Шахин-ходжа отчаянно замахал руками, словно услышал что-то ужасное, и воскликнул:
– О господи! И вы то же самое! Как материалисты!.. Собеседник засмеялся.
– Ты, однако, мулла, человек проницательный. Хочешь моими же словами меня изобличить?.. Между прочим, единственная мысль, понравившаяся мне у материалистов,– это как раз о связи духа с желудком. Ешь и пей! – как я тебе и говорил. Не отравляй себе жизнь!.. Кругом посмотри! Погода-то какая! Ох-хо-хох!, – Старый мудрец остановился, опёрся на свою палку и, подняв голову, вздохнул полной грудью, словно стараясь наполнить воздухом громадный мех. – Жизнь – это действительно хорошо! Разве ею когда-нибудь насытишься!.. Ну, счастливого пути, мулла... Впрочем, может быть, пойдёшь со мной? Я угощу пачой [37]тебя, у нас в Бейкозе её знатно готовят!.. Ты ведь издалека пожаловал, наверно проголодался?..
Почтенный муж был прав. Ничто не может заставить мысль вернуться в старое русло, коль однажды она, заблудившись, сбилась с пути и устремилась совсем в другом направлении...
Болезнь прогрессировала. Порой она протекала очень тяжело, иногда наступало облегчение. Но однажды, после долгой агонии, угасла вера Шахина, как угасает пламя лампады, в которой иссякло масло.
И только горечь осталась в его сердце, как грустное воспоминание о чём-то очень дорогом и далёком....
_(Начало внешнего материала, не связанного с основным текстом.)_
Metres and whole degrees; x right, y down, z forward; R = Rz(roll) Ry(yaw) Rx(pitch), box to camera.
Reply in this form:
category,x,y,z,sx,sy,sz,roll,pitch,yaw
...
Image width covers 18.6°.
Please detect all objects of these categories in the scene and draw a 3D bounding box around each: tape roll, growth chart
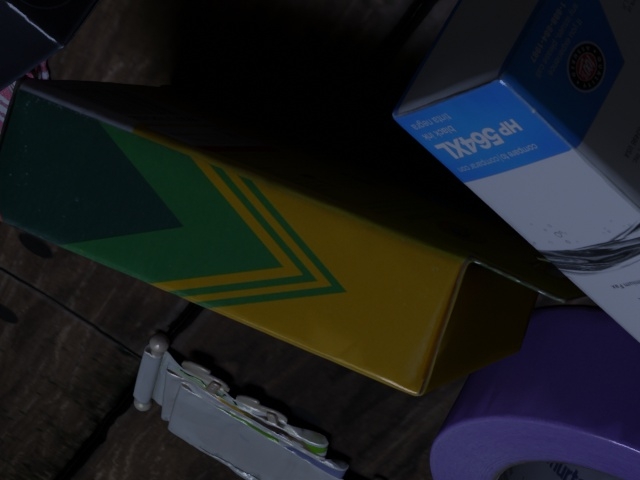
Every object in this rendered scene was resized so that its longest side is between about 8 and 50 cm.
category,x,y,z,sx,sy,sz,roll,pitch,yaw
tape roll,0.211,0.160,1.245,0.274,0.090,0.275,24,153,13
growth chart,-0.054,0.163,1.595,0.237,0.021,0.172,33,153,-4

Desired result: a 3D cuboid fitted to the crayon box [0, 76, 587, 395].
category,x,y,z,sx,sy,sz,roll,pitch,yaw
crayon box,0.000,0.000,1.083,0.318,0.081,0.202,22,-170,19

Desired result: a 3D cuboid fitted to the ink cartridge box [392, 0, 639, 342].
category,x,y,z,sx,sy,sz,roll,pitch,yaw
ink cartridge box,0.154,-0.052,0.874,0.203,0.148,0.086,42,150,-20

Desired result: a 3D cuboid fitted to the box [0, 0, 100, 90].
category,x,y,z,sx,sy,sz,roll,pitch,yaw
box,-0.230,-0.210,1.003,0.270,0.143,0.165,39,153,-17

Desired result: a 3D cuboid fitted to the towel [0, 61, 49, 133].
category,x,y,z,sx,sy,sz,roll,pitch,yaw
towel,-0.253,-0.102,1.337,0.144,0.029,0.197,28,153,7
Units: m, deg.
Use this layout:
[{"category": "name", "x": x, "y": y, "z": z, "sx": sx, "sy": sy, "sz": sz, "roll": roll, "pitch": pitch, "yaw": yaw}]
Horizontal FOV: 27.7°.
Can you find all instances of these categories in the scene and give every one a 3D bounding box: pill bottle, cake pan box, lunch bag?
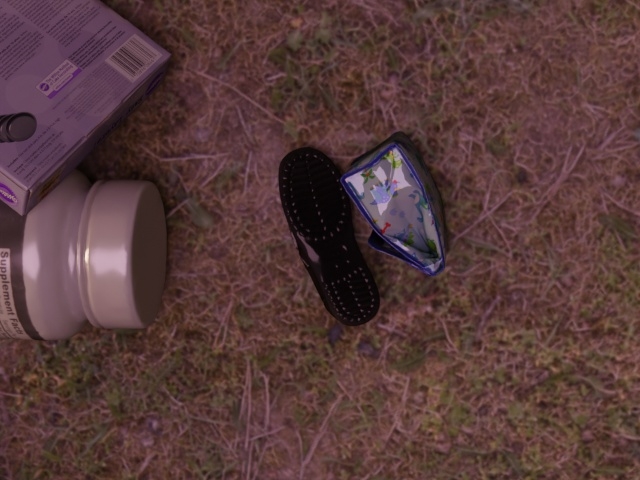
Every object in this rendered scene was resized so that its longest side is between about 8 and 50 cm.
[{"category": "pill bottle", "x": -0.372, "y": 0.012, "z": 1.504, "sx": 0.361, "sy": 0.204, "sz": 0.204, "roll": 1, "pitch": 101, "yaw": 7}, {"category": "cake pan box", "x": -0.336, "y": -0.194, "z": 1.447, "sx": 0.245, "sy": 0.070, "sz": 0.267, "roll": 37, "pitch": 58, "yaw": 2}, {"category": "lunch bag", "x": 0.095, "y": -0.036, "z": 1.471, "sx": 0.096, "sy": 0.129, "sz": 0.151, "roll": -34, "pitch": 97, "yaw": 13}]

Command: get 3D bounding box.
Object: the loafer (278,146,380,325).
[{"category": "loafer", "x": 0.000, "y": 0.000, "z": 1.518, "sx": 0.080, "sy": 0.078, "sz": 0.220, "roll": -15, "pitch": 82, "yaw": -15}]
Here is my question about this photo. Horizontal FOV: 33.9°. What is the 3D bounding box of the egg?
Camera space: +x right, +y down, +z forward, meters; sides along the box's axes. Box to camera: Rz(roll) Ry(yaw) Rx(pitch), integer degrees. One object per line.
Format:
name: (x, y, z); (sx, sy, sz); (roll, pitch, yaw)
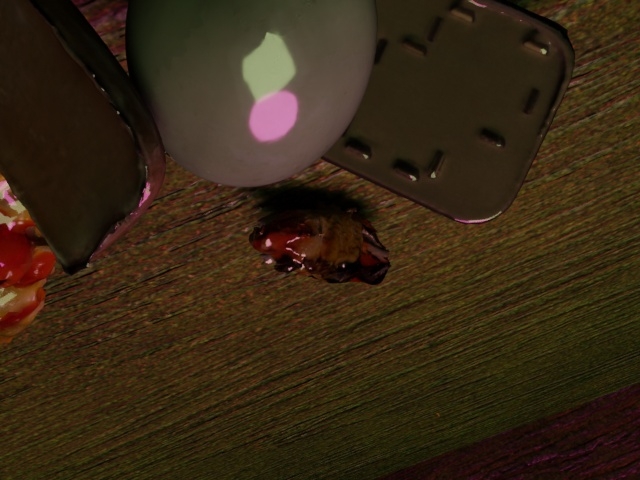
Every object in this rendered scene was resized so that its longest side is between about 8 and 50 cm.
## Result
egg: (-0.057, -0.159, 0.852); (0.202, 0.203, 0.283); (-6, 150, -19)

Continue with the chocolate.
chocolate: (-0.210, -0.118, 0.839); (0.161, 0.261, 0.083); (-37, 175, 38)

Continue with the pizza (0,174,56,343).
pizza: (-0.381, 0.024, 1.102); (0.439, 0.130, 0.406); (-18, 150, 4)

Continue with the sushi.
sushi: (-0.003, -0.002, 1.285); (0.103, 0.097, 0.226); (16, -177, 42)

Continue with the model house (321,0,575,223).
model house: (0.116, -0.146, 1.080); (0.205, 0.218, 0.278); (-64, 177, 7)
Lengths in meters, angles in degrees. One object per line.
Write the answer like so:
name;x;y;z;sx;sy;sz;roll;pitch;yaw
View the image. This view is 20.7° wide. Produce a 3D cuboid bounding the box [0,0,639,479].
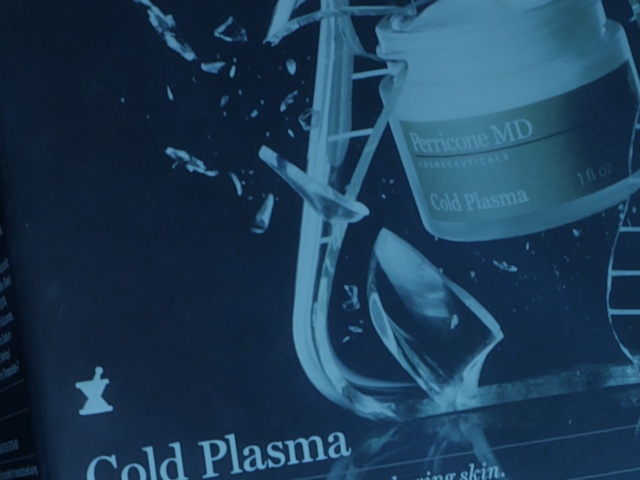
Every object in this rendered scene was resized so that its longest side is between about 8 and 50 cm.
box;0.000;0.000;1.233;0.480;0.297;0.472;-7;82;-17
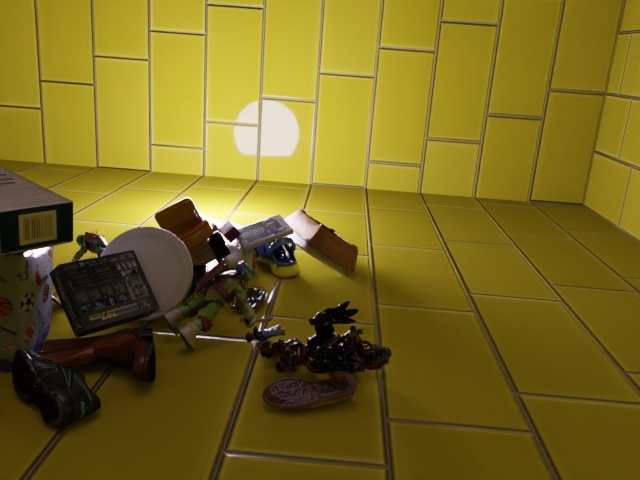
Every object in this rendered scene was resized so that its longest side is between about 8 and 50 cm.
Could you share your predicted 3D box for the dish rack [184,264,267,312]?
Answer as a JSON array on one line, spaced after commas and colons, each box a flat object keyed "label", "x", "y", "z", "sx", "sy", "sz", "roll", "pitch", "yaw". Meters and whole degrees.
[{"label": "dish rack", "x": -0.309, "y": 0.155, "z": 1.942, "sx": 0.272, "sy": 0.074, "sz": 0.208, "roll": 7, "pitch": 18, "yaw": 10}]

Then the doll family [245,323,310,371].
[{"label": "doll family", "x": -0.118, "y": 0.278, "z": 1.598, "sx": 0.111, "sy": 0.076, "sz": 0.193, "roll": -13, "pitch": 19, "yaw": -34}]

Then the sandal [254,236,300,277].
[{"label": "sandal", "x": -0.174, "y": 0.028, "z": 2.285, "sx": 0.126, "sy": 0.138, "sz": 0.317, "roll": -11, "pitch": 21, "yaw": -34}]

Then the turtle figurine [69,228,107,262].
[{"label": "turtle figurine", "x": -0.799, "y": 0.036, "z": 2.160, "sx": 0.234, "sy": 0.118, "sz": 0.175, "roll": 19, "pitch": 21, "yaw": 24}]

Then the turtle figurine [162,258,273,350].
[{"label": "turtle figurine", "x": -0.278, "y": 0.198, "z": 1.700, "sx": 0.266, "sy": 0.274, "sz": 0.198, "roll": -36, "pitch": 77, "yaw": -23}]

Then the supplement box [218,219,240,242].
[{"label": "supplement box", "x": -0.332, "y": -0.034, "z": 2.233, "sx": 0.055, "sy": 0.043, "sz": 0.083, "roll": -42, "pitch": 29, "yaw": -3}]

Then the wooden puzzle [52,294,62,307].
[{"label": "wooden puzzle", "x": -0.786, "y": 0.174, "z": 1.804, "sx": 0.116, "sy": 0.078, "sz": 0.014, "roll": 17, "pitch": 64, "yaw": 50}]

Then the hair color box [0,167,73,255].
[{"label": "hair color box", "x": -0.751, "y": -0.078, "z": 1.441, "sx": 0.347, "sy": 0.105, "sz": 0.174, "roll": 22, "pitch": 23, "yaw": 35}]

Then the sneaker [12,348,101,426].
[{"label": "sneaker", "x": -0.586, "y": 0.319, "z": 1.338, "sx": 0.267, "sy": 0.101, "sz": 0.106, "roll": 28, "pitch": 18, "yaw": 36}]

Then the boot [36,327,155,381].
[{"label": "boot", "x": -0.540, "y": 0.275, "z": 1.457, "sx": 0.281, "sy": 0.096, "sz": 0.264, "roll": -2, "pitch": 18, "yaw": -18}]

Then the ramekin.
[{"label": "ramekin", "x": -0.497, "y": 0.101, "z": 1.771, "sx": 0.273, "sy": 0.272, "sz": 0.127, "roll": 4, "pitch": -10, "yaw": -1}]

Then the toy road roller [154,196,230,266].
[{"label": "toy road roller", "x": -0.469, "y": -0.033, "z": 2.147, "sx": 0.203, "sy": 0.240, "sz": 0.329, "roll": -29, "pitch": 21, "yaw": -11}]

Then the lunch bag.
[{"label": "lunch bag", "x": -0.807, "y": 0.102, "z": 1.572, "sx": 0.239, "sy": 0.327, "sz": 0.385, "roll": 7, "pitch": 17, "yaw": -8}]

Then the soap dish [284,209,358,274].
[{"label": "soap dish", "x": 0.000, "y": 0.000, "z": 2.299, "sx": 0.229, "sy": 0.118, "sz": 0.291, "roll": 32, "pitch": 4, "yaw": -28}]

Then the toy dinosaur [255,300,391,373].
[{"label": "toy dinosaur", "x": 0.017, "y": 0.276, "z": 1.488, "sx": 0.322, "sy": 0.218, "sz": 0.164, "roll": -14, "pitch": 66, "yaw": -19}]

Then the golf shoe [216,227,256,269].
[{"label": "golf shoe", "x": -0.333, "y": 0.029, "z": 2.289, "sx": 0.140, "sy": 0.115, "sz": 0.306, "roll": -5, "pitch": 18, "yaw": -18}]

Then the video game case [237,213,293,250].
[{"label": "video game case", "x": -0.211, "y": -0.032, "z": 2.233, "sx": 0.190, "sy": 0.022, "sz": 0.173, "roll": -20, "pitch": 27, "yaw": -13}]

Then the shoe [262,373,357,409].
[{"label": "shoe", "x": -0.024, "y": 0.355, "z": 1.403, "sx": 0.219, "sy": 0.058, "sz": 0.076, "roll": -3, "pitch": 50, "yaw": -10}]

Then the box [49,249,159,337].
[{"label": "box", "x": -0.558, "y": 0.133, "z": 1.594, "sx": 0.059, "sy": 0.183, "sz": 0.233, "roll": -34, "pitch": -11, "yaw": 36}]
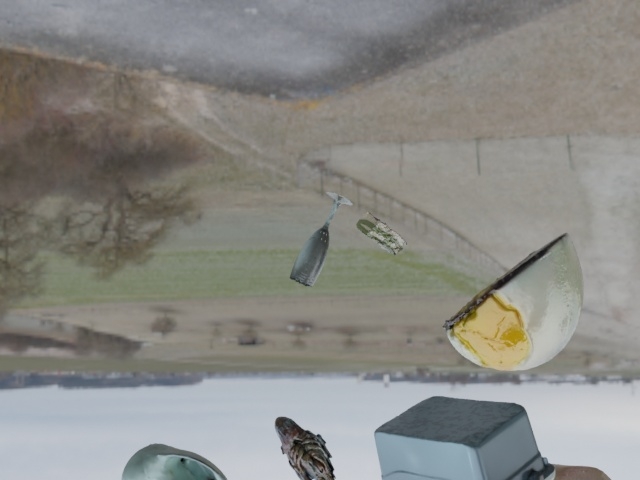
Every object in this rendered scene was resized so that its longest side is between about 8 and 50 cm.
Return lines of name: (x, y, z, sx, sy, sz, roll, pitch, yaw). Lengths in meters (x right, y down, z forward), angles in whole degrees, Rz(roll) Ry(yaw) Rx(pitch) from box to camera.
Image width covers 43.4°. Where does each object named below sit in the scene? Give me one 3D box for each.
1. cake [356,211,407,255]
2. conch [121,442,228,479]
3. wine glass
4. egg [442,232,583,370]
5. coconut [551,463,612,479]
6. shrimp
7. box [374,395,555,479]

Да, теперь Шахин-эфенди стал совершенно иным человеком, хотя в душе его, в сердце по-прежнему ныла старая рана...
«Не попади я сюда,– подумал он,– был бы я, наверно, честным крестьянином, трудолюбивым и жизнерадостным, никому бы вреда не чинил, в бога верил бы искренне...»
Шахин поднялся со скамейки, в последний раз посмотрел на многочисленные кельи, тесно обступившие двор, и медленно направился к выходу из медресе.
Утратив веру в бога, Шахин-эфенди почувствовал, что не может больше жить в медресе. Он стал тяготиться занятиями.
Погас волшебный огонь, освещавший когда-то его крохотную келью. Погас ослепительный светильник, перед которым тускнели блестящие паникадила самых больших мечетей Стамбула. Словно осуждённый на казнь, смиренно принял Шахин неизбежный приговор суда и ждал, покорный и усталый, когда же придёт смертный час.
Казалось, оборвались все нити, связывавшие его с медресе. Он перестал заниматься. Во время лекций он ничего не слышал, погружённый в глубокое раздумье. Юноша избегал товарищей, уходил подальше за городские стены и в одиночестве бродил по полям вдоль берега моря.
Даже некогда любимая «История пророков» превратилась теперь в обыкновенную потрепанную книжку, и ветхие страницы её, источенные червями, он не мог уже больше читать.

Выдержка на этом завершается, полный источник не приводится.